Transport effects on surface–volume biological reactions

  • David A. Edwards
  • Byron Goldstein
  • Donald S. Cohen
  • 62 Downloads

Abstract.

 Many cellular reactions involve a reactant in solution binding to or dissociating from a reactant confined to a surface. This is true as well for a BIAcoreTM, an optical biosensor that is widely used to study the interaction of biomolecules. In the flow cell of this instrument, one of the reactants is immobilized on a flat sensor surface while the other reactant flows past the surface. Both diffusion and convection play important roles in bringing the reactants into contact.

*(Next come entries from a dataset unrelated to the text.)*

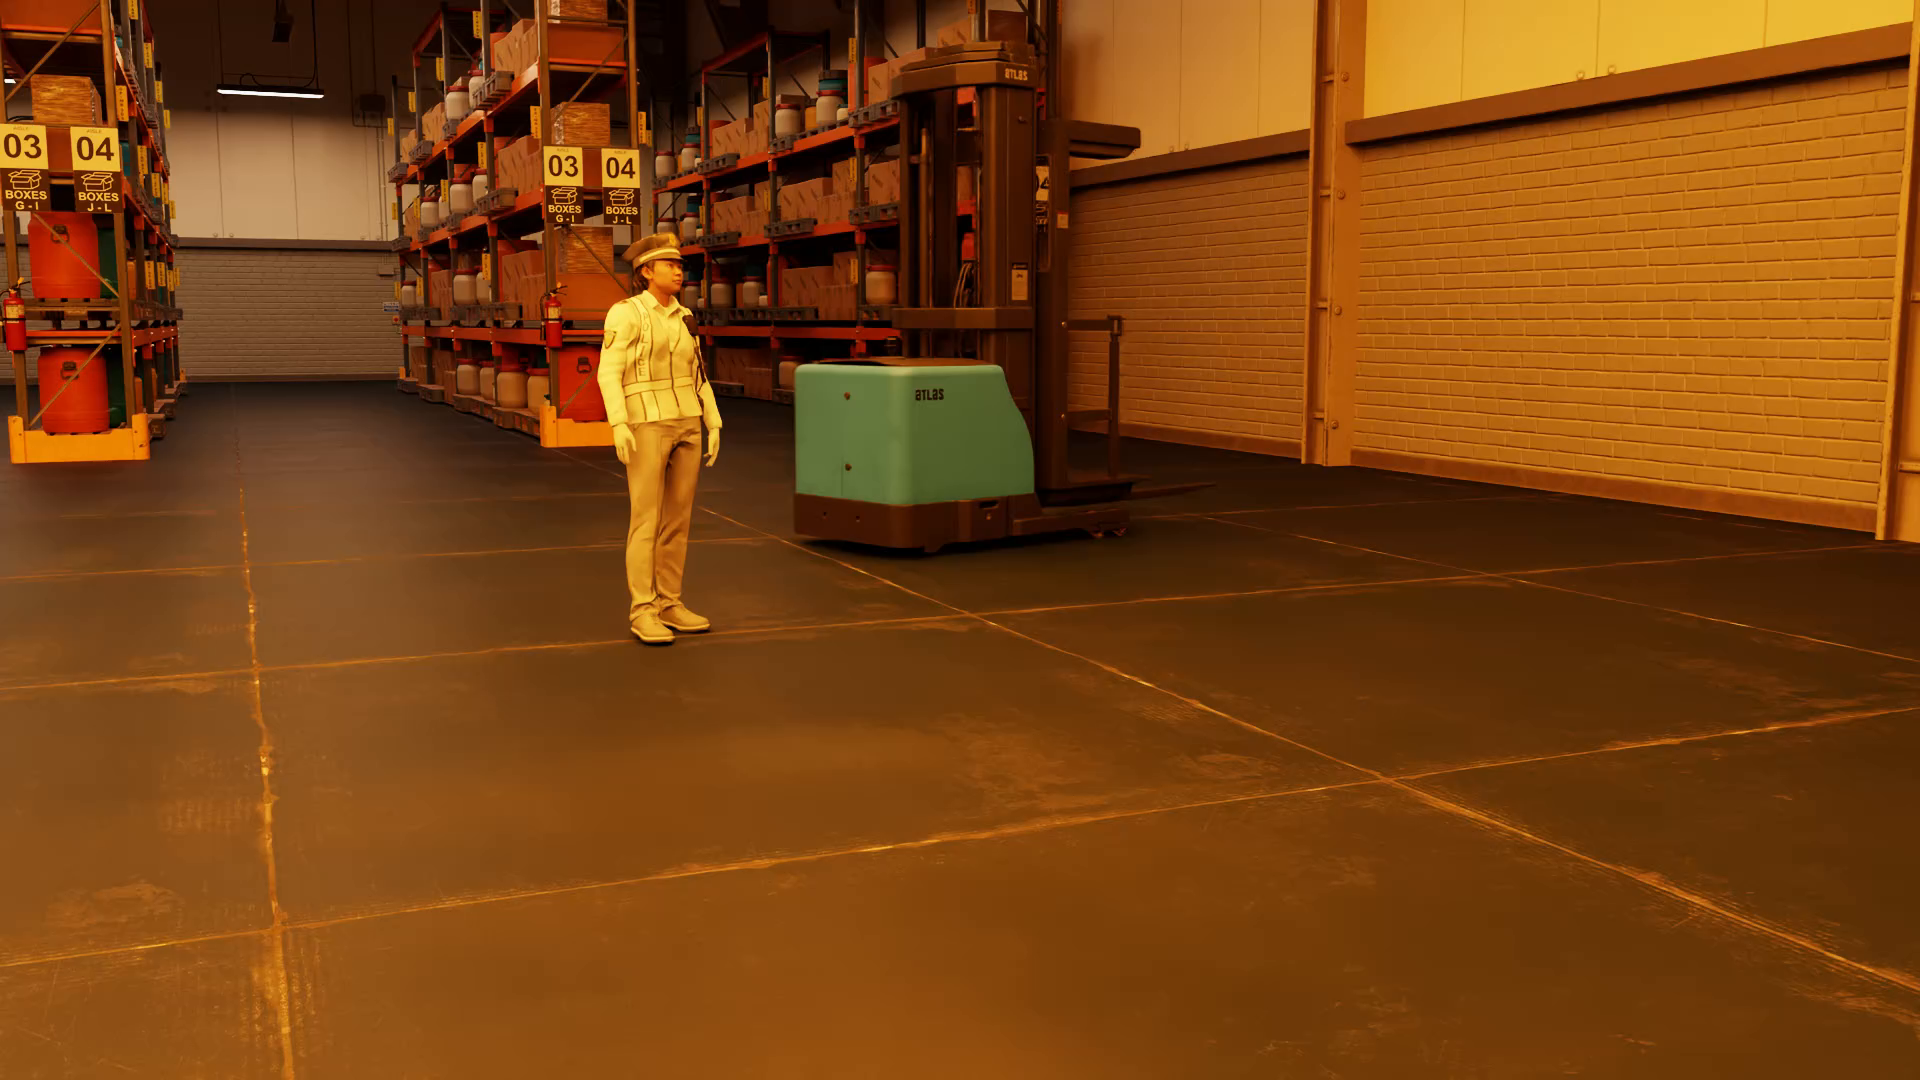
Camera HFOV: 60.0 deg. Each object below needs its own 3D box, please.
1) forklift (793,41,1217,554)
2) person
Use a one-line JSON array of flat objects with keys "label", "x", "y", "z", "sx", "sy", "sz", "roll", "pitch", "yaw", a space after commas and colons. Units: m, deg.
[{"label": "forklift", "x": 0.424, "y": -1.514, "z": 10.425, "sx": 3.031, "sy": 2.935, "sz": 1.130, "roll": -7, "pitch": 10, "yaw": -42}, {"label": "person", "x": -1.228, "y": -0.457, "z": 7.081, "sx": 0.531, "sy": 1.696, "sz": 0.589, "roll": 7, "pitch": 10, "yaw": 42}]
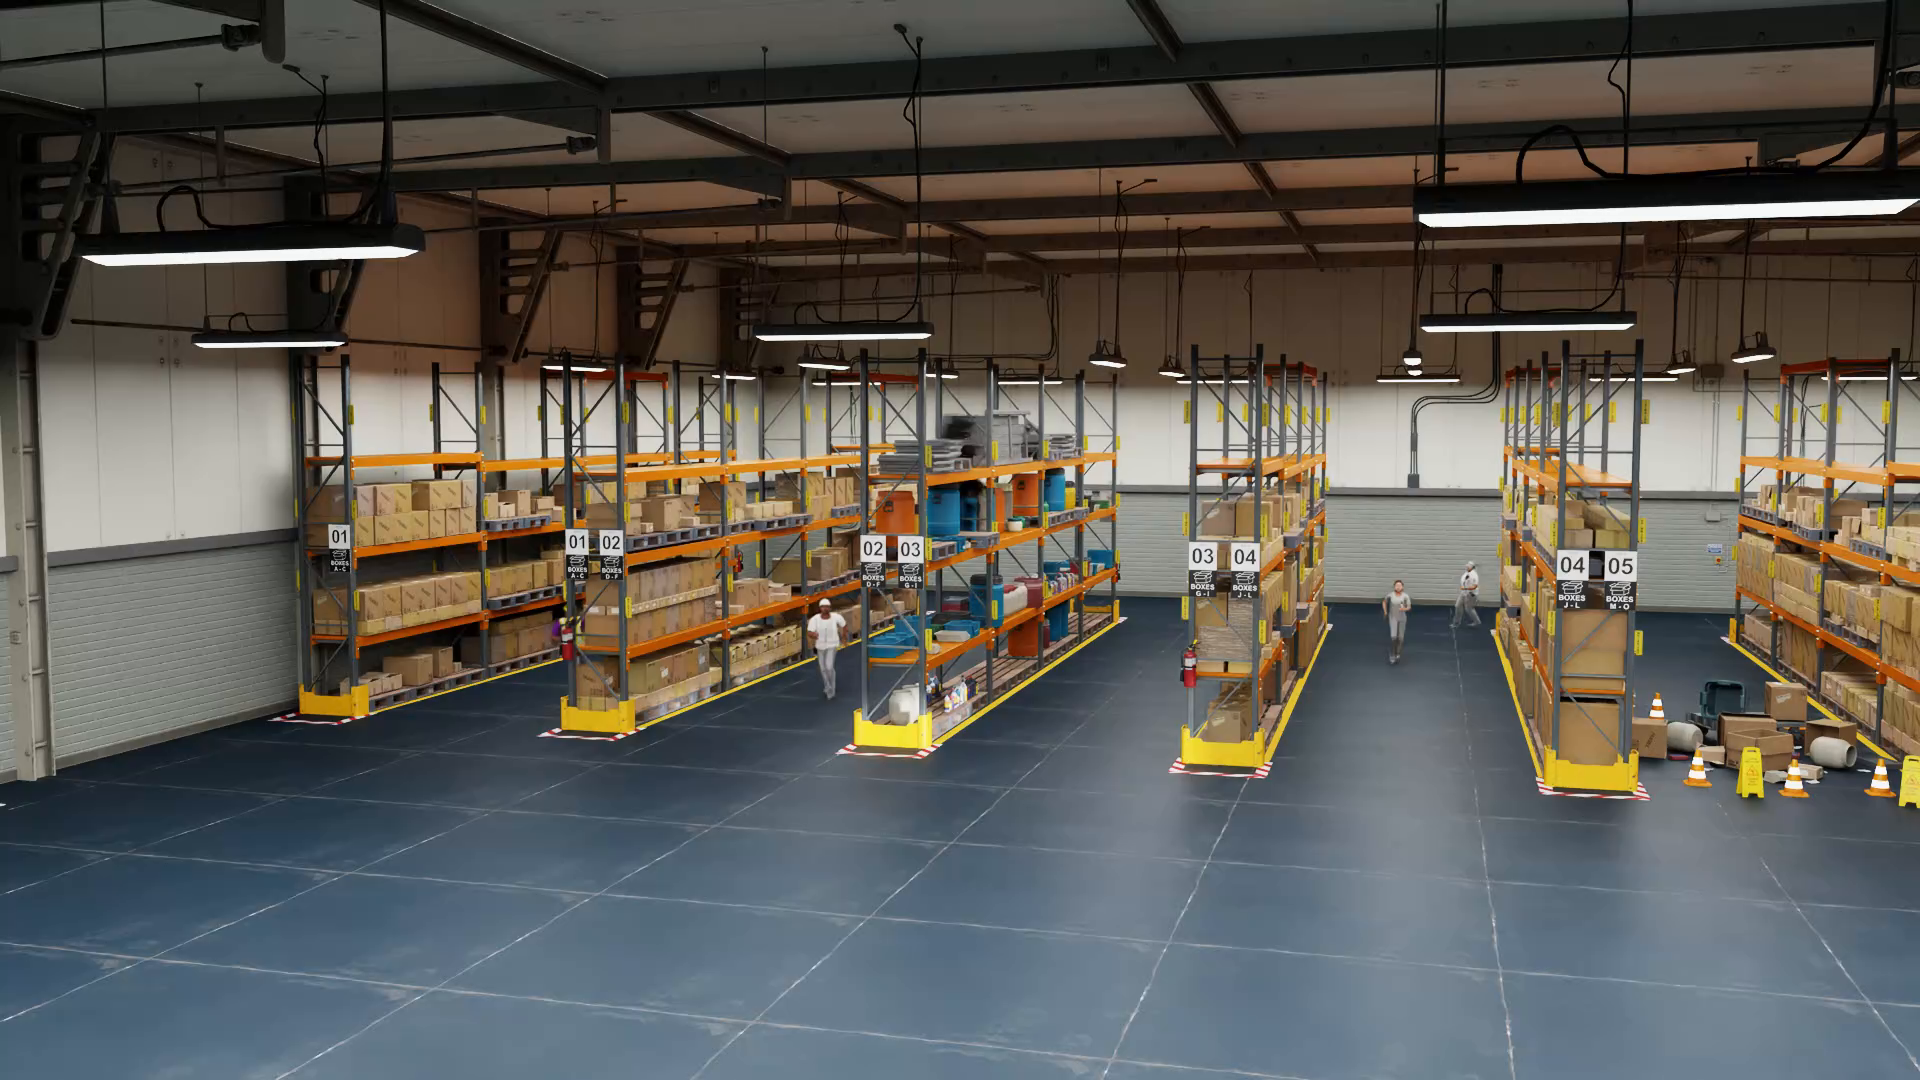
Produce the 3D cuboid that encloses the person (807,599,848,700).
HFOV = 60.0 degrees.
[{"bbox_3d":[-2.357,1.924,29.380,0.659,1.786,0.810,1,4,10],"label":"person"}]

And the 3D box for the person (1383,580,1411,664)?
[{"bbox_3d":[8.832,1.651,33.588,0.528,1.687,0.691,0,4,6],"label":"person"}]

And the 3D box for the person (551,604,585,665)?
[{"bbox_3d":[-6.736,1.954,29.068,0.717,1.756,0.973,1,4,11],"label":"person"}]

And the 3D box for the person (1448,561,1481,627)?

Usually BIAcoreTM binding data are analyzed using well known expressions that are valid only in the reaction-limited case when the Damköhler number Da is small. Asymptotic and singular perturbation techniques are used to analyze dissociation of the bound state when Da is small and O(1). Linear and nonlinear integral equations result from the analysis; explicit and asymptotic solutions are constructed for physically realizable cases. In addition, effective rate constants are derived that illustrate the effects of transport on the measured rate constants. All these expressions provide a direct way to estimate the rate constants from BIAcoreTM binding data.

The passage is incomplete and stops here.